Source records:

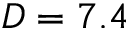<formula> <loc_0><loc_0><loc_500><loc_500>D = 7 . 4</formula> 
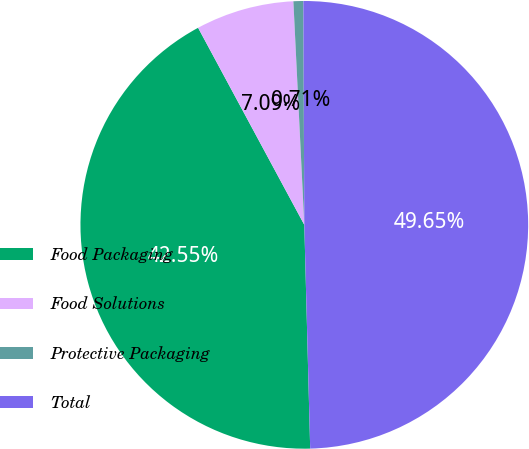Convert chart. <chart><loc_0><loc_0><loc_500><loc_500><pie_chart><fcel>Food Packaging<fcel>Food Solutions<fcel>Protective Packaging<fcel>Total<nl><fcel>42.55%<fcel>7.09%<fcel>0.71%<fcel>49.65%<nl></chart> 
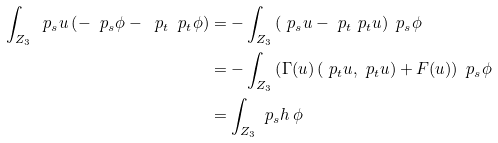<formula> <loc_0><loc_0><loc_500><loc_500>\int _ { Z _ { 3 } } \ p _ { s } u \left ( - \ p _ { s } \phi - \ p _ { t } \ p _ { t } \phi \right ) & = - \int _ { Z _ { 3 } } \left ( \ p _ { s } u - \ p _ { t } \ p _ { t } u \right ) \ p _ { s } \phi \\ & = - \int _ { Z _ { 3 } } \left ( \Gamma ( u ) \left ( \ p _ { t } u , \ p _ { t } u \right ) + F ( u ) \right ) \ p _ { s } \phi \\ & = \int _ { Z _ { 3 } } \ p _ { s } h \, \phi</formula> 
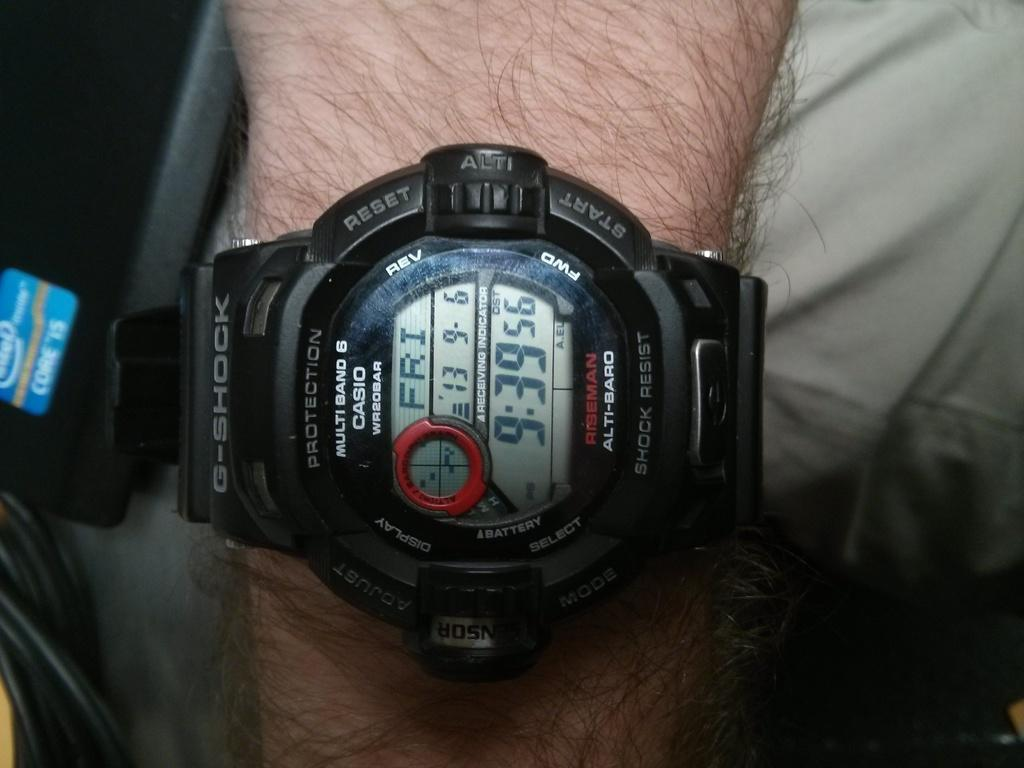<image>
Create a compact narrative representing the image presented. A black G-shock watch made by Casio is on a hairy wrist and tells us it is 9.39 on friday. 
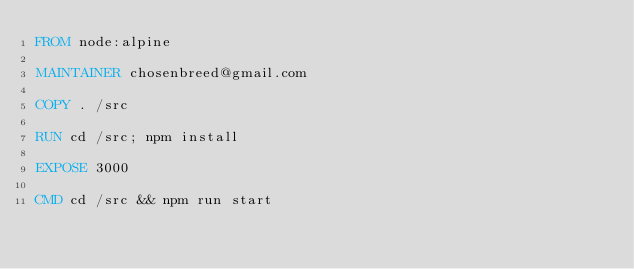Convert code to text. <code><loc_0><loc_0><loc_500><loc_500><_Dockerfile_>FROM node:alpine

MAINTAINER chosenbreed@gmail.com

COPY . /src

RUN cd /src; npm install

EXPOSE 3000

CMD cd /src && npm run start</code> 
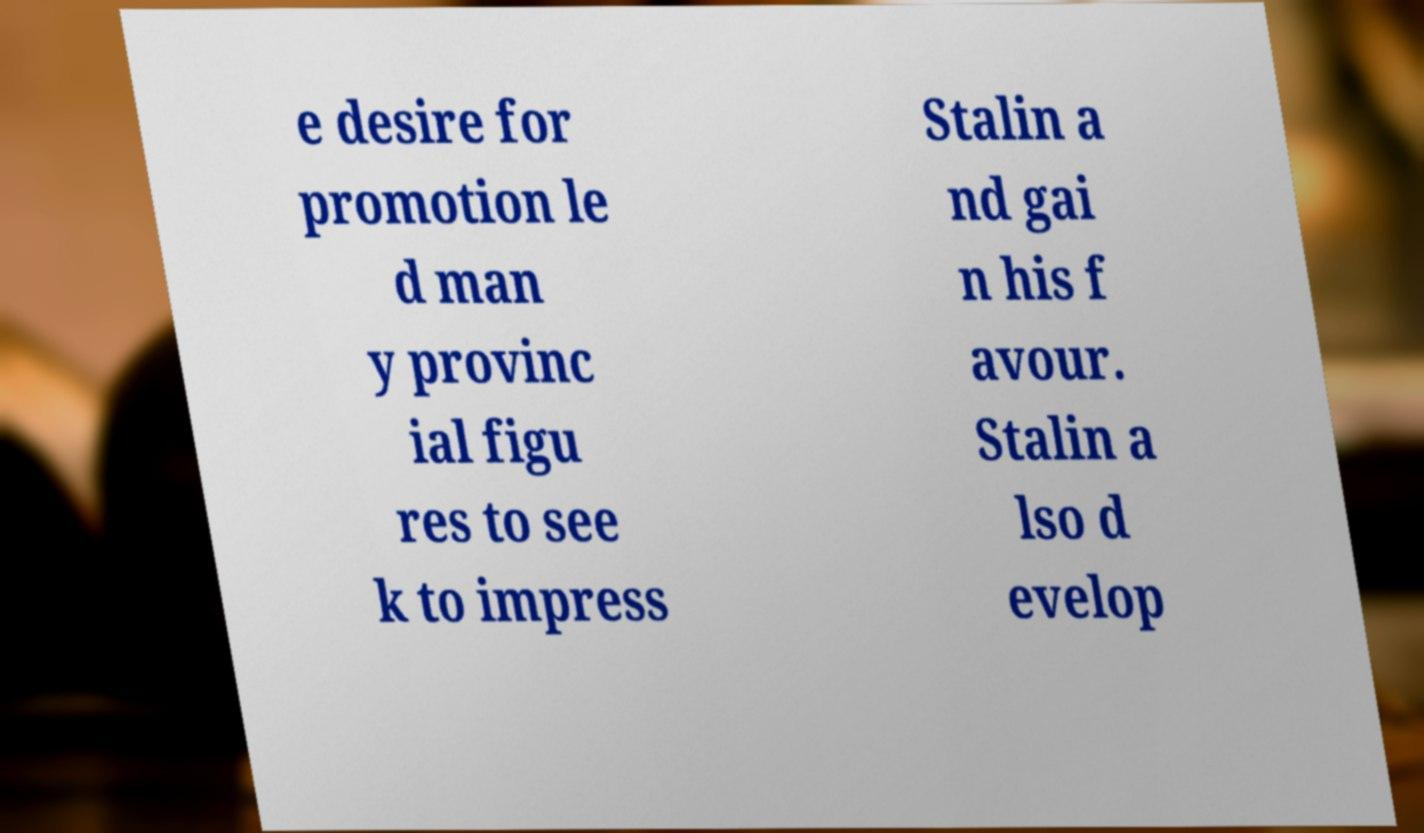There's text embedded in this image that I need extracted. Can you transcribe it verbatim? e desire for promotion le d man y provinc ial figu res to see k to impress Stalin a nd gai n his f avour. Stalin a lso d evelop 
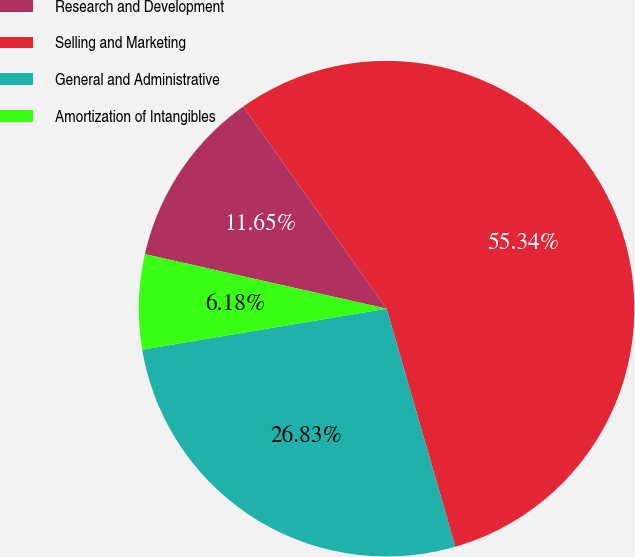Convert chart. <chart><loc_0><loc_0><loc_500><loc_500><pie_chart><fcel>Research and Development<fcel>Selling and Marketing<fcel>General and Administrative<fcel>Amortization of Intangibles<nl><fcel>11.65%<fcel>55.35%<fcel>26.83%<fcel>6.18%<nl></chart> 
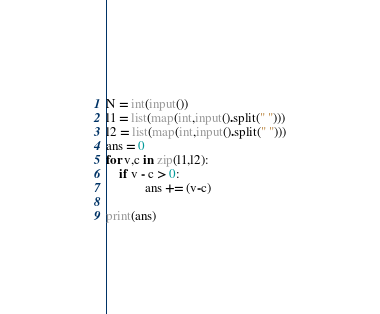Convert code to text. <code><loc_0><loc_0><loc_500><loc_500><_Python_>N = int(input())
l1 = list(map(int,input().split(" ")))
l2 = list(map(int,input().split(" ")))
ans = 0
for v,c in zip(l1,l2):
    if v - c > 0:
            ans += (v-c)

print(ans)    </code>

TASK INSTRUCTIONS: Print the records again exactly, without the pictures.

ANSWER:
<formula> <loc_0><loc_0><loc_500><loc_500>D = 7 . 4</formula> 
Convert chart. <chart><loc_0><loc_0><loc_500><loc_500><pie_chart><fcel>Food Packaging<fcel>Food Solutions<fcel>Protective Packaging<fcel>Total<nl><fcel>42.55%<fcel>7.09%<fcel>0.71%<fcel>49.65%<nl></chart> 
<formula> <loc_0><loc_0><loc_500><loc_500>\int _ { Z _ { 3 } } \ p _ { s } u \left ( - \ p _ { s } \phi - \ p _ { t } \ p _ { t } \phi \right ) & = - \int _ { Z _ { 3 } } \left ( \ p _ { s } u - \ p _ { t } \ p _ { t } u \right ) \ p _ { s } \phi \\ & = - \int _ { Z _ { 3 } } \left ( \Gamma ( u ) \left ( \ p _ { t } u , \ p _ { t } u \right ) + F ( u ) \right ) \ p _ { s } \phi \\ & = \int _ { Z _ { 3 } } \ p _ { s } h \, \phi</formula> 
<image>
Create a compact narrative representing the image presented. A black G-shock watch made by Casio is on a hairy wrist and tells us it is 9.39 on friday. 
Convert code to text. <code><loc_0><loc_0><loc_500><loc_500><_Dockerfile_>FROM node:alpine

MAINTAINER chosenbreed@gmail.com

COPY . /src

RUN cd /src; npm install

EXPOSE 3000

CMD cd /src && npm run start</code> 
There's text embedded in this image that I need extracted. Can you transcribe it verbatim? e desire for promotion le d man y provinc ial figu res to see k to impress Stalin a nd gai n his f avour. Stalin a lso d evelop 
Convert chart. <chart><loc_0><loc_0><loc_500><loc_500><pie_chart><fcel>Research and Development<fcel>Selling and Marketing<fcel>General and Administrative<fcel>Amortization of Intangibles<nl><fcel>11.65%<fcel>55.35%<fcel>26.83%<fcel>6.18%<nl></chart> 
Convert code to text. <code><loc_0><loc_0><loc_500><loc_500><_Python_>N = int(input())
l1 = list(map(int,input().split(" ")))
l2 = list(map(int,input().split(" ")))
ans = 0
for v,c in zip(l1,l2):
    if v - c > 0:
            ans += (v-c)

print(ans)    </code>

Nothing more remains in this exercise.